# Have to remind myself



## proudwidaddy (Dec 26, 2011)

Today feels like a normal day, work is going good, weather outside is normal for the month, then I have to remind myself that I'm actually going through the divorce process from my stbxw, with her 11 years total, two beautiful children. Does anyone else have those days sometimes?


----------



## nice777guy (Nov 23, 2009)

proudwidaddy said:


> Today feels like a normal day, work is going good, weather outside is normal for the month, then I have to remind myself that I'm actually going through the divorce process from my stbxw, with her 11 years total, two beautiful children. Does anyone else have those days sometimes?
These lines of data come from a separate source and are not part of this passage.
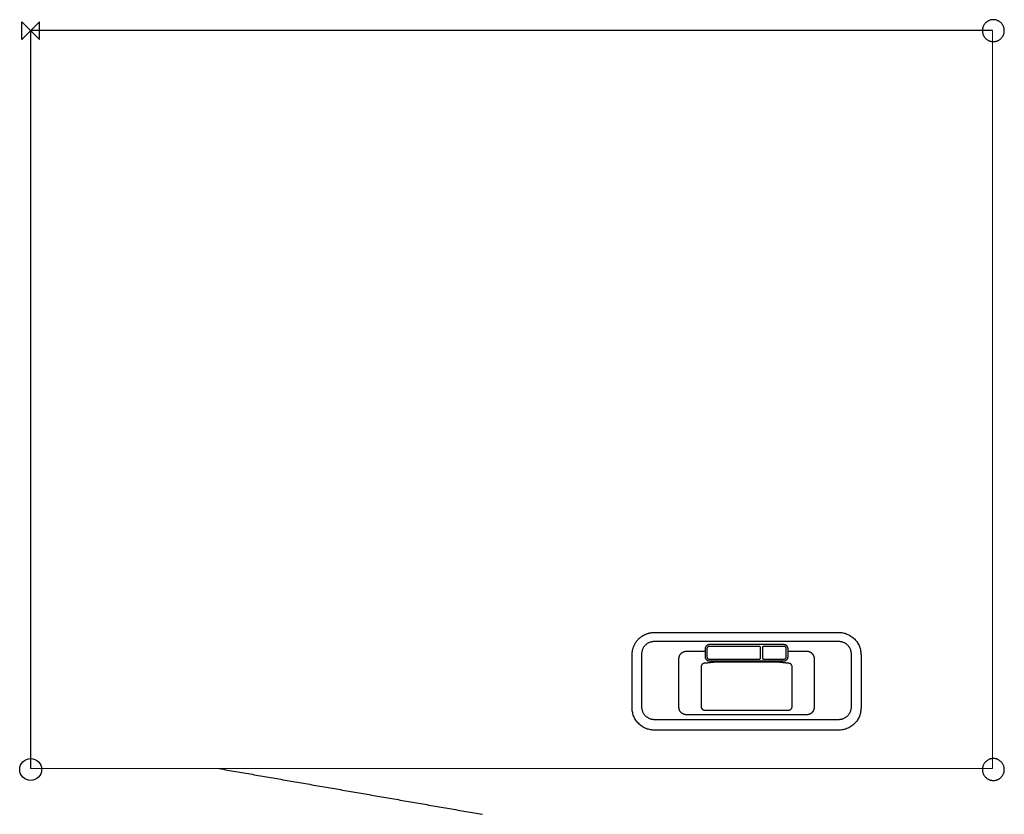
# Model space of a CAD drawing. Header units: millimetres. Extents: x -25 to 2220, y -1787 to 25.
import ezdxf

# ---------------------------------------------------------------- set-up
doc = ezdxf.new("R2010")
doc.units = ezdxf.units.MM
doc.header["$MEASUREMENT"] = 0
doc.layers.add('ORIGIN', color=6, linetype='Continuous')
doc.layers.add('PLANNING', color=1, linetype='Continuous')

# ---------------------------------------------------------------- blocks, each defined once
blk = doc.blocks.new('E2217GC_L_t')
at = {"layer": 'ORIGIN'}
for p, q in [((20, 20), (-20, -20)), ((-20, 20), (20, -20)), ((-20, -20), (-20, 20)), ((20, -20), (20, 20))]:
    blk.add_line(p, q, dxfattribs=at)
blk.add_circle((0, -1685), 25, dxfattribs=at)
for points in [[(2170, 0), (2170, 25), (2195, 25), (2220, 25), (2220, 0), (2220, -25), (2195, -25), (2170, -25), (2170, 0)], [(2170, -1685), (2170, -1660), (2195, -1660), (2220, -1660), (2220, -1685), (2220, -1710), (2195, -1710), (2170, -1710), (2170, -1685)]]:
    blk.add_rational_spline(points, [1, 0.707106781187, 1, 0.707106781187, 1, 0.707106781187, 1, 0.707106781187, 1], degree=2, knots=[0, 0, 0, 39.269908, 39.269908, 78.539816, 78.539816, 117.809725, 117.809725, 157.079633, 157.079633, 157.079633], dxfattribs=at)
at = {"layer": 'PLANNING'}
blk.add_line((0, 0), (0, -1683), dxfattribs=at)
for points in [[(2193, 0), (1096.5, 0), (0, 0)], [(1422.4, -1372.4), (1632.4, -1372.4), (1842.4, -1372.4)], [(1842.7, -1393.2), (1632.2, -1393.2), (1421.6, -1393.2)], [(1537.9, -1410), (1537.9, -1418.7), (1537.9, -1427.5)], [(1542, -1409.4), (1542, -1418.8), (1542, -1428.1)], [(1661, -1404.2), (1604.2, -1404.2), (1547.3, -1404.2)], [(1717, -1400.1), (1632.4, -1400.1), (1547.8, -1400.1)], [(1664.3, -1430.1), (1664.3, -1418.8), (1664.3, -1407.4)], [(1668.4, -1407.4), (1668.4, -1418.8), (1668.4, -1430.1)], [(1717.5, -1404.2), (1694.6, -1404.2), (1671.7, -1404.2)], [(1722.8, -1427.7), (1722.8, -1418.6), (1722.8, -1409.4)], [(1726.9, -1427.5), (1726.9, -1418.7), (1726.9, -1410)], [(1371.4, -1544.3), (1371.4, -1483.9), (1371.4, -1423.4)], [(1392.9, -1421.9), (1392.9, -1481.9), (1392.9, -1541.9)], [(1477.4, -1433), (1477.4, -1487.6), (1477.4, -1542.3)], [(1537.9, -1415.9), (1516.2, -1415.9), (1494.5, -1415.9)], [(1547.3, -1433.4), (1604.2, -1433.4), (1661, -1433.4)], [(1671.7, -1433.4), (1694.4, -1433.4), (1717.1, -1433.4)], [(1770.1, -1415.9), (1748.5, -1415.9), (1726.9, -1415.9)], [(1787.2, -1542.3), (1787.2, -1487.6), (1787.2, -1433)], [(1871.4, -1541.9), (1871.4, -1481.9), (1871.4, -1421.9)], [(1893.3, -1423.3), (1893.3, -1483.8), (1893.3, -1544.3)], [(1528.8, -1450.6), (1528.8, -1496.1), (1528.8, -1541.5)], [(1563.3, -1439.8), (1550, -1441.3), (1536.7, -1442.8)], [(1547.8, -1437.4), (1632.4, -1437.4), (1717, -1437.4)], [(1701.4, -1439.8), (1632.4, -1439.8), (1563.3, -1439.8)], [(1728.2, -1442.8), (1714.8, -1441.3), (1701.4, -1439.8)], [(1736.1, -1541.5), (1736.1, -1496.1), (1736.1, -1450.6)], [(1421.6, -1570.6), (1632.2, -1570.6), (1842.7, -1570.6)], [(1494.5, -1559.4), (1632.3, -1559.4), (1770.1, -1559.4)], [(1536.7, -1549.4), (1632.4, -1549.4), (1728.2, -1549.4)], [(1842.3, -1595.3), (1632.4, -1595.3), (1422.4, -1595.3)], [(430, -1682.9), (730, -1735), (1029.9, -1787.1)]]:
    blk.add_open_spline(points, degree=2, dxfattribs=at)
at = {"layer": 'PLANNING', "lineweight": 0}
for points in [[(2193, 0), (2193, -841.5), (2193, -1683)], [(2193, -1683), (1096.5, -1683), (0, -1683)]]:
    blk.add_open_spline(points, degree=2, dxfattribs=at)
at = {"layer": 'PLANNING'}
blk.add_rational_spline([(1371.4, -1423.4), (1371.4, -1402.2), (1386.3, -1387.3), (1401.3, -1372.4), (1422.4, -1372.4)], [1, 0.923879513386, 1, 0.923879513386, 1], degree=2, knots=[21.6231173, 21.6231173, 21.6231173, 22.0511704, 22.0511704, 22.4792235, 22.4792235, 22.4792235], dxfattribs=at)
for points, weights in [([(1842.4, -1372.4), (1893.3, -1372.4), (1893.3, -1423.3)], [1, 0.707106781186, 1]), ([(1421.6, -1393.2), (1392.9, -1393.2), (1392.9, -1421.9)], [1, 0.707106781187, 1]), ([(1547.8, -1400.1), (1537.9, -1400.1), (1537.9, -1410)], [1, 0.707106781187, 1]), ([(1547.3, -1404.2), (1542, -1404.2), (1542, -1409.4)], [1, 0.707106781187, 1]), ([(1664.3, -1407.4), (1664.3, -1404.2), (1661, -1404.2)], [1, 0.707106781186, 1]), ([(1671.7, -1404.2), (1668.4, -1404.2), (1668.4, -1407.4)], [1, 0.707106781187, 1]), ([(1726.9, -1410), (1726.9, -1400.1), (1717, -1400.1)], [1, 0.707106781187, 1]), ([(1722.8, -1409.4), (1722.8, -1404.2), (1717.5, -1404.2)], [1, 0.707106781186, 1]), ([(1871.4, -1421.9), (1871.4, -1393.2), (1842.7, -1393.2)], [1, 0.707106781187, 1]), ([(1494.5, -1415.9), (1477.4, -1415.9), (1477.4, -1433)], [1, 0.707106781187, 1]), ([(1537.9, -1427.5), (1537.9, -1437.4), (1547.8, -1437.4)], [1, 0.707106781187, 1]), ([(1542, -1428.1), (1542, -1433.4), (1547.3, -1433.4)], [1, 0.707106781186, 1]), ([(1661, -1433.4), (1664.3, -1433.4), (1664.3, -1430.1)], [1, 0.707106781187, 1]), ([(1668.4, -1430.1), (1668.4, -1433.4), (1671.7, -1433.4)], [1, 0.707106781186, 1]), ([(1717, -1437.4), (1726.9, -1437.4), (1726.9, -1427.5)], [1, 0.707106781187, 1]), ([(1717.1, -1433.4), (1722.8, -1433.4), (1722.8, -1427.7)], [1, 0.707106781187, 1]), ([(1787.2, -1433), (1787.2, -1415.9), (1770.1, -1415.9)], [1, 0.707106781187, 1]), ([(1536.7, -1442.8), (1528.8, -1442.8), (1528.8, -1450.6)], [1, 0.707106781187, 1]), ([(1736.1, -1450.6), (1736.1, -1442.8), (1728.2, -1442.8)], [1, 0.707106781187, 1]), ([(1422.4, -1595.3), (1371.4, -1595.3), (1371.4, -1544.3)], [1, 0.707106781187, 1]), ([(1392.9, -1541.9), (1392.9, -1570.6), (1421.6, -1570.6)], [1, 0.707106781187, 1]), ([(1477.4, -1542.3), (1477.4, -1559.4), (1494.5, -1559.4)], [1, 0.707106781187, 1]), ([(1528.8, -1541.5), (1528.8, -1549.4), (1536.7, -1549.4)], [1, 0.707106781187, 1]), ([(1728.2, -1549.4), (1736.1, -1549.4), (1736.1, -1541.5)], [1, 0.707106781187, 1]), ([(1770.1, -1559.4), (1787.2, -1559.4), (1787.2, -1542.3)], [1, 0.707106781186, 1]), ([(1893.3, -1544.3), (1893.3, -1595.3), (1842.3, -1595.3)], [1, 0.707106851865, 1]), ([(1842.7, -1570.6), (1871.4, -1570.6), (1871.4, -1541.9)], [1, 0.707106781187, 1])]:
    blk.add_rational_spline(points, weights, degree=2, dxfattribs=at)

msp = doc.modelspace()

# ---------------------------------------------------------------- block references
msp.add_blockref('E2217GC_L_t', (0, 0))

doc.saveas('drawing.dxf')

Almost sounds like a good thing - right?

When you get to the point where you aren't dwelling on it - makes me think you're learning to accept it. That's good.


----------



## proudwidaddy (Dec 26, 2011)

Yeah, I guess I've been so used to being negative, dwelling on it all, etc that I didn't think to look at it as a positive


----------



## mmomof3 (Apr 19, 2011)

I have good days too, where I know everything is as it should be. When I am happy. It's alright to be happy inspite of or perhaps because of what is going on. There is no need to remind yourself of the bad things that are going on, life will let you know again soon enough. Enjoy it, allow yourself to be happy as often as possible.


----------



## proudwidaddy (Dec 26, 2011)

You know I came to the realization today that I'm afraid of not finding anyone again that will love me the way my wife USED to love me. So I took a step back and realized, legally I'm still married until May, but my wife is no longer there. She doesn't love me. So I have nothing right now anyway, so it's good to look to the future. Because the past has already happened.


----------